Article 192. Dans l'article 13, § 1er, alinéa 2 de la même loi, inséré par la loi du 21 novembre 2017, les mots "client individuel ou un client professionnel au sens de l'article 2, 28°, de la loi du 2 août 2002" sont remplacés par les mots "client de détail ou un client professionnel".

Article 193. Dans l'article 25, § 1er, 1°, de la même loi, remplacé par la loi du 21 novembre 2017, dans la version néerlandaise, les mots "op die leiding die binnen de vennootschap" sont remplacés par les mots "op die leiding en die binnen de vennootschap".

Article 194. Dans l'article 26, § 5, alinéa 2, de la même loi, remplacé par la loi du 21 novembre 2017, les mots "relatifs aux ordres de clients" sont abrogés.

Article 195. Dans l'article 27, § 1er, de la même loi, les mots "La FSMA détermine" sont remplacés par les mots "La FSMA peut déterminer", les mots "Elle définit" sont remplacés par les mots "Dans ce cas, elle définit", et les mots "article 25, § 2, in fine" sont remplacés par les mots "article 25, § 1er, 6° ".

Article 196. Dans l'article 29 de la même loi, les mots "visé au Titre V" sont remplacés par les mots "visés au Titre IV".

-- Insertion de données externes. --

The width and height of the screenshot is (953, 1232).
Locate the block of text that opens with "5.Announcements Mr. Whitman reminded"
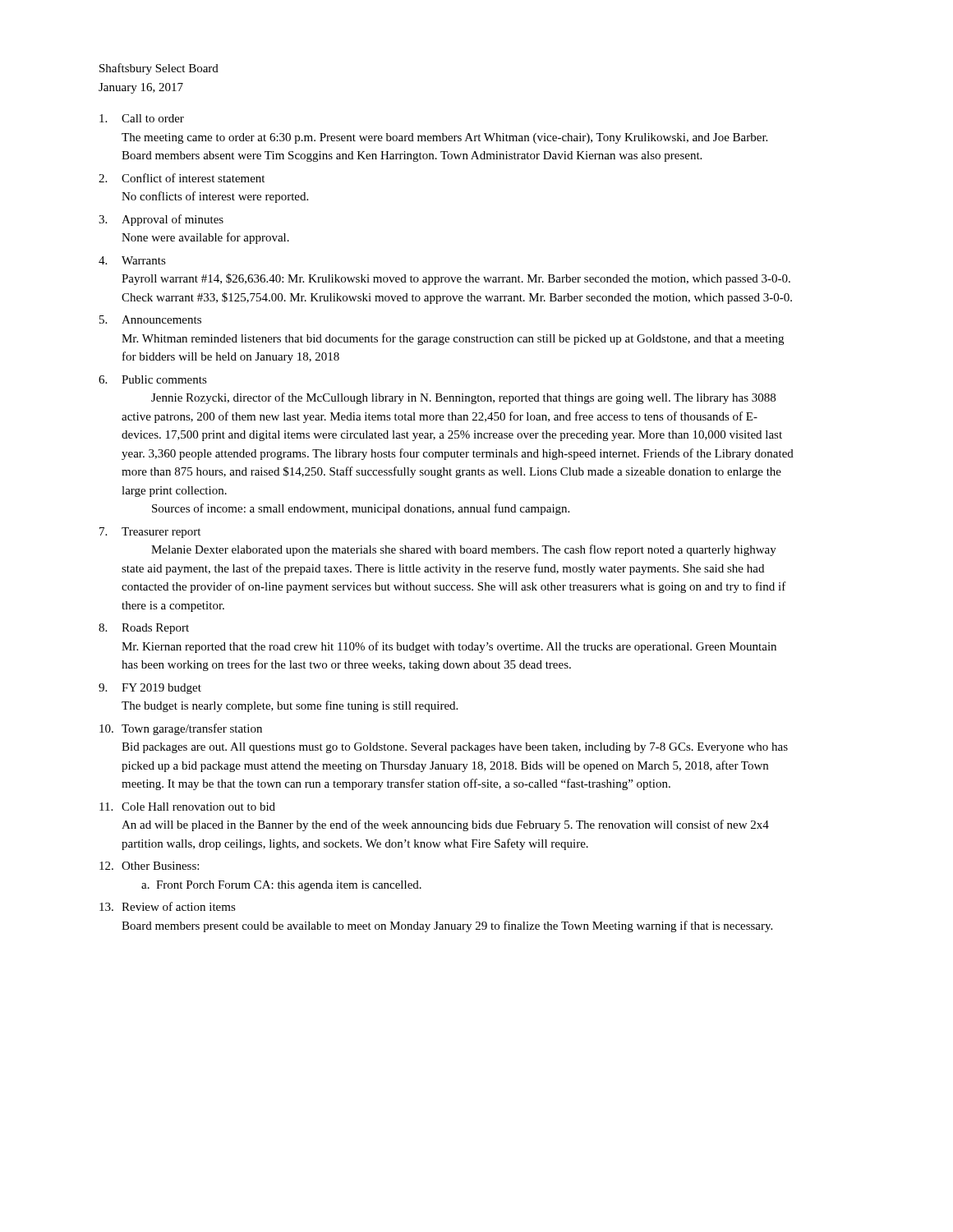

Article 197. Dans l'article 36 de la même loi, remplacé par la loi du 21 novembre 2017, le paragraphe 12 est remplacé par ce qui suit :

" § 12. Par dérogation au paragraphe 6, les membres du comité de direction ou, en l'absence de comité de direction, les personnes qui participent à la direction effective d'une société de gestion de portefeuille et de conseil en investissement sont, jusqu'au 3 janvier 2021, autorisées à poursuivre l'exercice de leurs mandats en cours comportant une participation à la gestion courante d'une société dans laquelle ces personnes sont les uniques dirigeants et dont l'activité se limite à des services de gestion aux sociétés visées à l'article 36, § 6."

Article 198. Dans l'article 44, § 1er, de la même loi, les modifications suivantes sont apportées :

1° dans l'alinéa 2, les mots "à un registre prévu à cet effet" sont remplacés par les mots "au registre visé à l'article 29, paragraphe 3, de la directive 2014/65/UE" ;

2° l'alinéa 3 est abrogé.

Article 199. Dans l'article 56/1, alinéa 1er, de la même loi, inséré par la loi du 21 novembre 2017, dans la version néerlandaise, les mots "in haar hoedanigheid van dienstverlener" sont remplacés par les mots "in hun hoedanigheid van dienstverlener".

Article 200. Dans l'article 73 de la même loi, les mots "article 55, alinéas 2 et 3" sont remplacés par les mots "article 55, alinéa 3".

Article 201. Dans l'article 76, § 1er, alinéa 1er, de la même loi, les mots "directive 2004/39/CE" sont remplacés par les mots "directive 2014/65/UE".

CHAPITRE 13. - Modifications de la loi du 25 octobre 2016 portant création de l'Agence fédérale de la Dette et suppression du Fonds des Rentes

Article 202. Dans l'article 4, § 2, de la loi du 25 octobre 2016 portant création de l'Agence fédérale de la Dette et suppression du Fonds des Rentes, modifié par la loi du 5 décembre 2017, l'alinéa 5 est abrogé.

Article 203. A l'article 5, § 2, de la même loi, sont apportées les modifications suivantes :

1° l'alinéa 1er est remplacé par ce qui suit :

"Le comité exécutif est composé par les directeurs de l'Agence ou leur remplaçant. Le comité stratégique détermine les modalités de désignation du président et le choisit parmi les directeurs.";

2° l'alinéa 2 est abrogé.

CHAPITRE 14. - Modifications de la loi du 21 novembre 2017 relative aux infrastructures des marchés d'instruments financiers et portant transposition de la directive 2014/65/UE

Article 204. A l'article 21, alinéa 1er, de la loi du 21 novembre 2017 relative aux infrastructures des marchés d'instruments financiers et portant transposition de la directive 2014/65/UE, il est inséré un 5° /1, rédigé comme suit :

"5° /1 met en place un système adéquat d'alerte interne prévoyant notamment un mode de transmission spécifique, indépendant et autonome, des infractions aux normes et aux codes de conduite de l'opérateur ;".

Article 205. L'article 65 de la même loi est complété par un paragraphe 6, rédigé comme suit :

" § 6. L'APA met en place un système adéquat d'alerte interne prévoyant notamment un mode de transmission spécifique, indépendant et autonome, des infractions à ses normes et ses codes de conduite".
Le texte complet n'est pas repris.